STORED DATA below:

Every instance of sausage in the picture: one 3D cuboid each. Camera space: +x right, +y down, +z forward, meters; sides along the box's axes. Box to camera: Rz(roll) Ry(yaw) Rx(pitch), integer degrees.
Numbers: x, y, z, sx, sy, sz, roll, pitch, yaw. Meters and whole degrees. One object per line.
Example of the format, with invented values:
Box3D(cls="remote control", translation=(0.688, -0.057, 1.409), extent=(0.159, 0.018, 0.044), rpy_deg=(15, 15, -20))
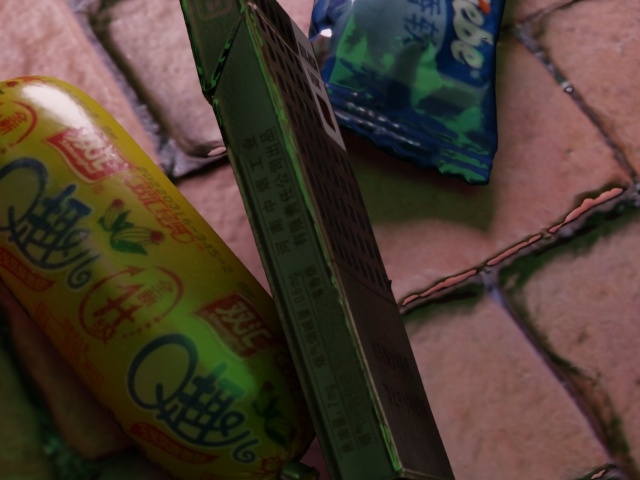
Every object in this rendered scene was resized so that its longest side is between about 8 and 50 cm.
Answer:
Box3D(cls="sausage", translation=(-0.118, 0.027, 0.963), extent=(0.123, 0.123, 0.347), rpy_deg=(-33, 72, -29))

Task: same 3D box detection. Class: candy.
Box3D(cls="candy", translation=(0.067, -0.202, 1.183), extent=(0.187, 0.077, 0.331), rpy_deg=(17, 60, -12))

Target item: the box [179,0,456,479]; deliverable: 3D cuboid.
Box3D(cls="box", translation=(0.000, 0.000, 0.953), extent=(0.047, 0.180, 0.324), rpy_deg=(-21, 75, 10))

End of STORED DATA.

ABOUT THIS EXERCISE ::
Search the listing for the word "pitch" and return each line that holds it.

REPLY ::
Every instance of sausage in the picture: one 3D cuboid each. Camera space: +x right, +y down, +z forward, meters; sides along the box's axes. Box to camera: Rz(roll) Ry(yaw) Rx(pitch), integer degrees.
Numbers: x, y, z, sx, sy, sz, roll, pitch, yaw. Meters and whole degrees. One object per line.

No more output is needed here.